# some thing to think about



## wittdog (Jul 30, 2006)

I decided to try this today…I might enter it in Ointoberfest if I can figure out how to get the coconuts to break more evenly…






Sorry about the pics but we have alot going on right now.....


----------



## Kloset BBQR (Jul 30, 2006)

What is it Dog?  From the pics it kind of looks like a Coconut Pot Pie.  Looks interesting.


----------



## Bruce B (Jul 30, 2006)

brian j said:
			
		

> looks interesting.  what's in it?



Before learning "what's in it", we should probably learn "what is it?" :grin:  :grin:


----------



## Finney (Jul 30, 2006)

coconut souffle?  Looks good.


----------



## wittdog (Jul 30, 2006)

It's supposed to be Coconut Custard in Coconut Shells....I probably left them on a little to long....The reicipe is in SR Beer can Chicken Book...I'll post it when I get time..The uncooked batter tasted good and I'll have to wait until they cool to let you know how they turned out.


----------



## wittdog (Jul 30, 2006)

Mango said:
			
		

> your best bet is a bandsaw or a recircating saw with a fine tooth blade.
> 
> They do look good


Thanks for the advice.....


----------



## Griff (Jul 30, 2006)

Very interesting. How did it taste?

Griff


----------



## wittdog (Jul 30, 2006)

Well it tasted good but I overcooked the custard.   it does need some more flavor I have a few ideas…I see if I can get it right next time….I think next time I’ll do it on the WSM…


----------



## DATsBBQ (Jul 30, 2006)

A chopsaw would do it, but the possiblity of inury would be above my comfort zone. The previous recommendation of a band saw is probally the best. Cleaning up the coconut milk will be messy.  #-o


----------



## Puff1 (Jul 30, 2006)

That look real good, I have the book I'll have to look it up :!:


----------



## Pigs On The Wing BBQ (Jul 30, 2006)

Dave: I can let you use my meat saw it you like, it works great on those bad boys.

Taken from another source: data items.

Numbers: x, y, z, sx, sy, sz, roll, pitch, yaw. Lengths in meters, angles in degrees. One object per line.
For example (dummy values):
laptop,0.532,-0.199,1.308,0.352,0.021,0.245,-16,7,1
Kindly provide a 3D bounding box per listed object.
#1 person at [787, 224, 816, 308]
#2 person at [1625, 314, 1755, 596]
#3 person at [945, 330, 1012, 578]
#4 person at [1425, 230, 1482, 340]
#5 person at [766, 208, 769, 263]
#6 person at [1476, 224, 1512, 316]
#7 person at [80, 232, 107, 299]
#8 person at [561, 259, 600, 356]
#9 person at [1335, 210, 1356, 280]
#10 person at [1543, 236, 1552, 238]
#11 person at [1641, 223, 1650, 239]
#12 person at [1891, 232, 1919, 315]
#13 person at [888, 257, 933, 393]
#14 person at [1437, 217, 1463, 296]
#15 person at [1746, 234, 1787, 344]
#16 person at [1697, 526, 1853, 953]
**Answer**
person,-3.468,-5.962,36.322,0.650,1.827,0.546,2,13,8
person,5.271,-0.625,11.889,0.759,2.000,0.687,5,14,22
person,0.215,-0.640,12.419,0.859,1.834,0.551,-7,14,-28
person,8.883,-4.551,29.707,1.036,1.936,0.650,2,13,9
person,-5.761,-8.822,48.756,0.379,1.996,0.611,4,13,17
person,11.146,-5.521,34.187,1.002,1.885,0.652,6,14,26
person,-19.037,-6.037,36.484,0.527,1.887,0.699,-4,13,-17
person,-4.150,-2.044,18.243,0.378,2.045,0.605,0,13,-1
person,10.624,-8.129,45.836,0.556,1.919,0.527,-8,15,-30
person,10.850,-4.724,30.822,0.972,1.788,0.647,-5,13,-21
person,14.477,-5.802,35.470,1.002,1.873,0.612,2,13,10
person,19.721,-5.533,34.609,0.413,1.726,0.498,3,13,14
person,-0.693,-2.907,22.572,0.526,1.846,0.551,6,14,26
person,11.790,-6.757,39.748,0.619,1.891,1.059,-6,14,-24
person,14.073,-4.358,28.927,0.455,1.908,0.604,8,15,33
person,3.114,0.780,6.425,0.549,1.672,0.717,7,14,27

I'll evan help ya. 8-[


----------



## wittdog (Jul 30, 2006)

David Lohrentz said:
			
		

> This sounds like an interesting recipe.  Custards are a little tricky to get just right.  They are sublime when cooked to perfection.  *When custards are baked in an oven, one typically puts the ramekins in a baking dish with hot water half way up the side to promote a more slow, even cooking of the custard.  I wonder if there would be some way to replicate that effect on the grill*.
> 
> You may try experimenting with a probe thermometer to help you to pull them at the right time, but keep in mind that with custards, the lower the baking temperature, the lower the finish temp will be.  There will typically be some jiggle to the center of the custard when you pull them.  They will set up more as they cool.


I was thinking that the coconut would help in that regard......I think the main problem was I just overcooked them.....I got called away from the grill and by the time I got back to it...was to late...I take full responsibility.....I might try to fill a pan with water and then put the coconuts in and cook like that...I might try a therm next time as well...I think the WSM would have been a better cooking option.....


----------



## Wittdogs B (Jul 30, 2006)

The flavor was good, but as dave said, because they were a bit over cooked, the texture was off.  However, in the bigger coconuts there was some custard at the bottom that was perfectly cooked.


----------



## Puff1 (Jul 30, 2006)

Wittdogs B said:
			
		

> The flavor was good, but as dave said, because they were a bit over cooked, the texture was off.  However, in the bigger coconuts there was some custard at the bottom that was perfectly cooked.


Practice will make perfect, that is a great idea :!:


----------



## ScottyDaQ (Jul 31, 2006)

Looks like a fun thing to try some time. How are you opening them now? A la Bobby Flay?


----------



## wittdog (Jul 31, 2006)

I don't know how bobby does it but I was wacking it with a metal insturment.


----------



## SteerCrazy (Jul 31, 2006)

Interesting idea, looks great though


----------